1914. Ernest Shackelton a 40 ans à peine. C’est un aventurier, un séducteur, un bon buveur, un infatigable chercheur sur comment gagner de l’argent avec des idées neuves – sans succès - , constamment endetté. Un homme gourmand de passions, de grand air, de célébrité, de plaisirs. Ce fils d’un homme du Yorkshire et d’une Irlandaise, né en Irlande, ne tient pas en place. Les livres d’aventure lus dans l’enfance, préférés aux livres d’école, l’ont rendu esclave charmé de l’appel de la mer. En lui bouillonnent les embruns, tremble le roulis, se marient le brun sale, le bleu sombre et l’émeraude des océans.

En 1901 il a fait partie de l’expédition sur le Discovery qui durera jusqu’en 1904 et dont la mission était d’explorer le littoral de la mer de Ross.

En 1908 l’aventure recommence sur le Nimrod, un trois-mâts goélette utilisé pour la chasse au phoque, pour la seconde expédition britannique du siècle sur ces terres. C’est le plus long voyage polaire alors effectué vers le sud.

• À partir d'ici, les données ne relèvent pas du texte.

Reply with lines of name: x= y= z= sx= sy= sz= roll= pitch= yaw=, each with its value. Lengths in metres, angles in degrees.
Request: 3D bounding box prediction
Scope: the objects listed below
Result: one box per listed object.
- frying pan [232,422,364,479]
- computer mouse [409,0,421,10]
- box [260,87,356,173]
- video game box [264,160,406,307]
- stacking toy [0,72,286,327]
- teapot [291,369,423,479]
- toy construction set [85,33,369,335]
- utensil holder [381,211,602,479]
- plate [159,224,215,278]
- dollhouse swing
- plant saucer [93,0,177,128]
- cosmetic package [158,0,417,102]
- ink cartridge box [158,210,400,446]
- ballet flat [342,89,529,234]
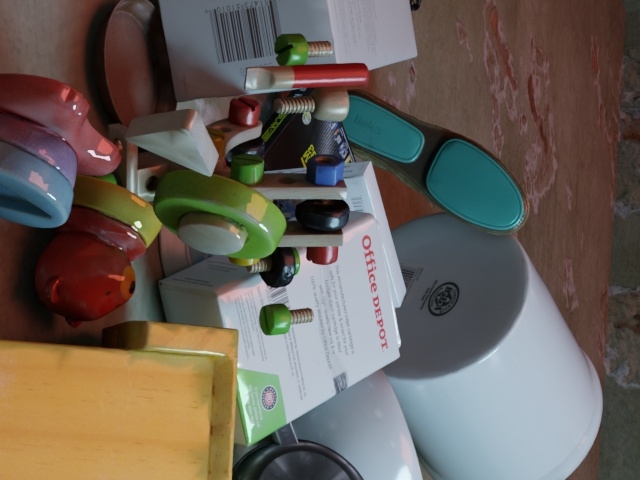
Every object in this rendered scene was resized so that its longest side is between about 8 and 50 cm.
frying pan: x=-0.016 y=0.273 z=1.864 sx=0.053 sy=0.197 sz=0.326 roll=116 pitch=-16 yaw=-53
computer mouse: x=0.132 y=-0.482 z=2.567 sx=0.242 sy=0.041 sz=0.071 roll=70 pitch=36 yaw=-49
box: x=-0.023 y=-0.100 z=2.075 sx=0.184 sy=0.045 sz=0.191 roll=-56 pitch=139 yaw=-39
video game box: x=0.000 y=0.000 z=1.977 sx=0.048 sy=0.187 sz=0.205 roll=-65 pitch=145 yaw=-55
stacking toy: x=-0.200 y=-0.017 z=1.408 sx=0.309 sy=0.279 sz=0.130 roll=53 pitch=51 yaw=-55
teapot: x=0.020 y=0.290 z=2.004 sx=0.252 sy=0.187 sz=0.256 roll=86 pitch=-13 yaw=-56
toy construction set: x=-0.108 y=-0.081 z=1.588 sx=0.237 sy=0.309 sz=0.257 roll=-6 pitch=51 yaw=-31
utensil holder: x=0.240 y=0.184 z=2.347 sx=0.385 sy=0.327 sz=0.328 roll=56 pitch=37 yaw=-48
plate: x=-0.143 y=0.002 z=1.843 sx=0.188 sy=0.024 sz=0.188 roll=-4 pitch=90 yaw=-68
dollhouse swing: x=-0.253 y=0.254 z=1.480 sx=0.315 sy=0.304 sz=0.347 roll=163 pitch=-70 yaw=-72
plant saucer: x=-0.212 y=-0.193 z=1.703 sx=0.168 sy=0.029 sz=0.169 roll=-4 pitch=90 yaw=-66
cosmetic package: x=-0.029 y=-0.275 z=1.882 sx=0.385 sy=0.217 sz=0.156 roll=-38 pitch=120 yaw=-71
ink cartridge box: x=-0.044 y=0.097 z=1.825 sx=0.272 sy=0.114 sz=0.198 roll=-26 pitch=113 yaw=-40
ballet flat: x=0.163 y=-0.117 z=2.262 sx=0.116 sy=0.342 sz=0.124 roll=-63 pitch=172 yaw=1
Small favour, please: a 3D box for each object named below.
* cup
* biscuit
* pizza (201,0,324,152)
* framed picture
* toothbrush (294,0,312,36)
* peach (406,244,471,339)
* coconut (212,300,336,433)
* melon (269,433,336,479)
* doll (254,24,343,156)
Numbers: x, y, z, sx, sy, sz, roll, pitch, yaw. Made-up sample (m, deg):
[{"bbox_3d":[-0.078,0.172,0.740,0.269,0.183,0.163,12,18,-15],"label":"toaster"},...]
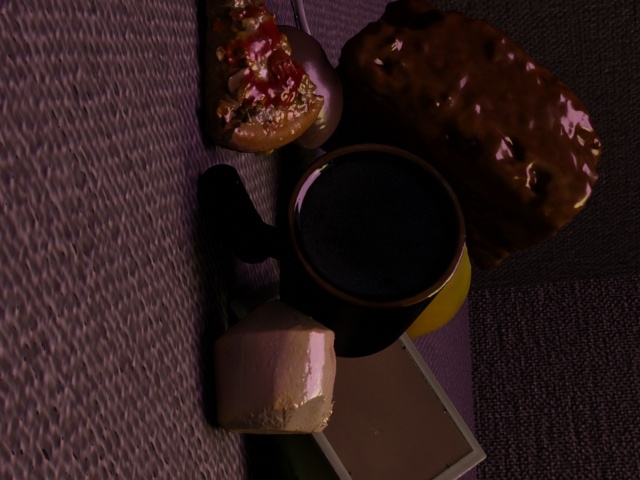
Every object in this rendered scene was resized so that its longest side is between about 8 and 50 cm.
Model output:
[{"bbox_3d":[0.015,-0.007,1.249,0.239,0.166,0.177,47,-21,13],"label":"cup"},{"bbox_3d":[0.168,-0.132,1.640,0.166,0.343,0.395,-51,-179,-13],"label":"biscuit"},{"bbox_3d":[-0.066,-0.190,1.306,0.188,0.062,0.199,-33,107,-56],"label":"pizza"},{"bbox_3d":[0.040,0.148,1.329,0.217,0.017,0.274,-18,73,-49],"label":"framed picture"},{"bbox_3d":[-0.005,-0.249,1.851,0.040,0.040,0.386,-83,166,-50],"label":"toothbrush"},{"bbox_3d":[0.070,0.022,1.576,0.231,0.231,0.231,-7,90,-79],"label":"peach"},{"bbox_3d":[-0.042,0.117,1.193,0.116,0.116,0.122,40,48,-74],"label":"coconut"},{"bbox_3d":[0.003,0.192,1.372,0.323,0.124,0.196,-70,152,-54],"label":"melon"},{"bbox_3d":[-0.047,-0.169,1.442,0.188,0.096,0.145,-17,85,-54],"label":"doll"}]
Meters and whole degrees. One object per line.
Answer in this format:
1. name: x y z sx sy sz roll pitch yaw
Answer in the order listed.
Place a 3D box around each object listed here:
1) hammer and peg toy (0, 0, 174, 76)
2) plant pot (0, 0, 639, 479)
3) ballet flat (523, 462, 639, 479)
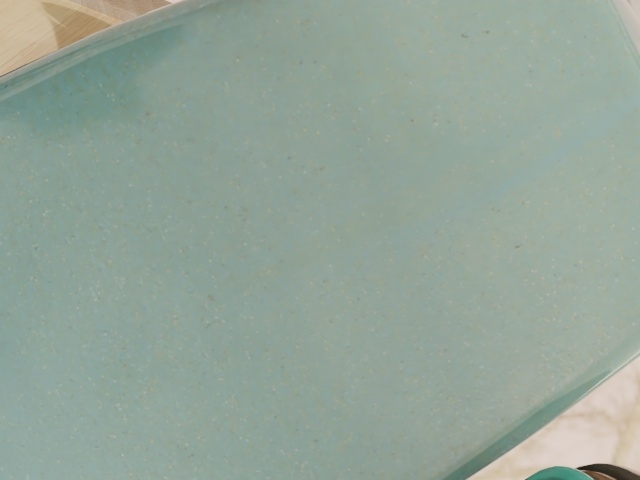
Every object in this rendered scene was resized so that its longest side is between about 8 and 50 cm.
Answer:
1. hammer and peg toy: -0.249 -0.030 0.731 0.361 0.127 0.266 -30 -28 32
2. plant pot: 0.000 0.000 0.519 0.234 0.165 0.165 -24 -87 20
3. ballet flat: 0.018 0.173 0.487 0.096 0.095 0.280 31 -62 -34
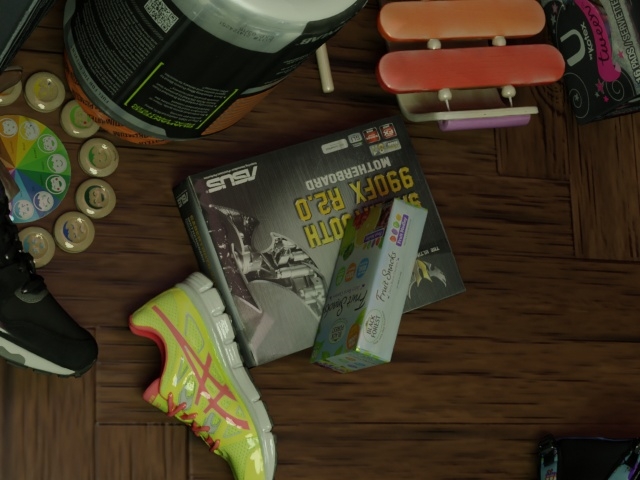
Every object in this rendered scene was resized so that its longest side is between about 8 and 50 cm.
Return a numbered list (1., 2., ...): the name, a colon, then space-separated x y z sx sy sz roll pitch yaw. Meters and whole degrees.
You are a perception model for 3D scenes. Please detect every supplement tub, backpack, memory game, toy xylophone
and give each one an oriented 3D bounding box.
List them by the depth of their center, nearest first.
1. supplement tub: -0.097 -0.202 1.232 0.193 0.316 0.194 9 69 -25
2. memory game: -0.266 -0.066 1.302 0.186 0.012 0.186 5 76 -22
3. backpack: 0.264 0.274 1.365 0.117 0.158 0.173 35 64 -30
4. toy xylophone: 0.098 -0.249 1.461 0.236 0.081 0.323 -14 83 -25

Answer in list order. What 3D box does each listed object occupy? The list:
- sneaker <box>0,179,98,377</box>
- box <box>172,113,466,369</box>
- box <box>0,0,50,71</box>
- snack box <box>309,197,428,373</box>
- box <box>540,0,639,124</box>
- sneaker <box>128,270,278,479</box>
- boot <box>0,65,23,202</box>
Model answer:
1. sneaker: -0.283 -0.001 1.206 0.283 0.107 0.124 36 91 -12
2. box: 0.000 0.000 1.375 0.231 0.056 0.183 -17 84 -25
3. box: -0.266 -0.258 1.139 0.182 0.296 0.294 33 42 -12
4. snack box: 0.041 0.041 1.295 0.037 0.100 0.141 21 72 -18
5. box: 0.325 -0.263 1.528 0.163 0.142 0.247 -13 82 -24
6. sneaker: -0.105 0.138 1.293 0.094 0.081 0.208 -20 80 -19
7. boot: -0.280 -0.082 1.272 0.106 0.037 0.114 -28 86 -13

Il doit cependant s’arrêter à 180 kms du pôle et abandonner faute de provisions.

En 1914, le voici reparti pour la 4ème expédition britannique en Antarctique du  XXème siècle.  Expédition qui fut un échec mais qui reste célèbre par l’odyssée vécue par ses membres.

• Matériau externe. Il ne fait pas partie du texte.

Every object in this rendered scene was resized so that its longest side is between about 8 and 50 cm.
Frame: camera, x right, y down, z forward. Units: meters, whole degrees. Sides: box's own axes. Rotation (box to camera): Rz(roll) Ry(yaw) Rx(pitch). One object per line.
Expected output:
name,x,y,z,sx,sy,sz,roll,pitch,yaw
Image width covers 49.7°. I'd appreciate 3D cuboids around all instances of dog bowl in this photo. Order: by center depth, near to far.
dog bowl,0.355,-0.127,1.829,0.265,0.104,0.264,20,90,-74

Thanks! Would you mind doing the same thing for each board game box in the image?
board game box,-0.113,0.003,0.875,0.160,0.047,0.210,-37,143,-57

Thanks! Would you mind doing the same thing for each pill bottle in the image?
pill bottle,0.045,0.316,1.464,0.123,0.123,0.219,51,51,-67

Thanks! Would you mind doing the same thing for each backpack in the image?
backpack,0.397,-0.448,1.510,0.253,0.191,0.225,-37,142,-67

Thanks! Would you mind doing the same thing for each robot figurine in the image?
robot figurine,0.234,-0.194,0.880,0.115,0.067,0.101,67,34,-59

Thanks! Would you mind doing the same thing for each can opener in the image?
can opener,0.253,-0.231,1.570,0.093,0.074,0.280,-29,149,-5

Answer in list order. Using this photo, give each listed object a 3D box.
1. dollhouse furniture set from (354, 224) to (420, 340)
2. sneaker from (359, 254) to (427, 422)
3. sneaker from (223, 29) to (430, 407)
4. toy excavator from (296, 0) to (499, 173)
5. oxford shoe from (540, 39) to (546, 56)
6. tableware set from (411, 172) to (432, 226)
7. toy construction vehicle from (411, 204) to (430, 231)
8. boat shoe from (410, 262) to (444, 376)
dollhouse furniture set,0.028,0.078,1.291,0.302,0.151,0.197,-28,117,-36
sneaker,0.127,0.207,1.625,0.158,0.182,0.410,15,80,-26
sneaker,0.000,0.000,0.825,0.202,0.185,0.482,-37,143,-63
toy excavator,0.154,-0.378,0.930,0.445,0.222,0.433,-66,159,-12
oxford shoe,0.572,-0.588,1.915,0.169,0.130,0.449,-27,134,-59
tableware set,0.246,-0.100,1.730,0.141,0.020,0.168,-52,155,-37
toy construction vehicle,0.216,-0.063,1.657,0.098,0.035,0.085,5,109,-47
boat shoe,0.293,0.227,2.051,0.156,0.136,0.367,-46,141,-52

Le plan de Shackelton est de tenter la traversée de part en part du continent depuis la baie de Vahsel de Filchner tout en opérant certains travaux scientifiques tels qu’étudier la faune terrestre et marine de la mer de Weddel,  faire des relevés météorologiques, des observations géologiques sur la terre de Graham etc...  Il fallait aussi, depuis la barrière de Ross, construire des dépôts d’approvisionnements qui seraient utilisés pour terminer ce voyage de 3.000 kms ! Mais pour ce faire, le premier obstacle était la traversée de la mer de Weddel que la banquise obstrue une grande partie de l’année.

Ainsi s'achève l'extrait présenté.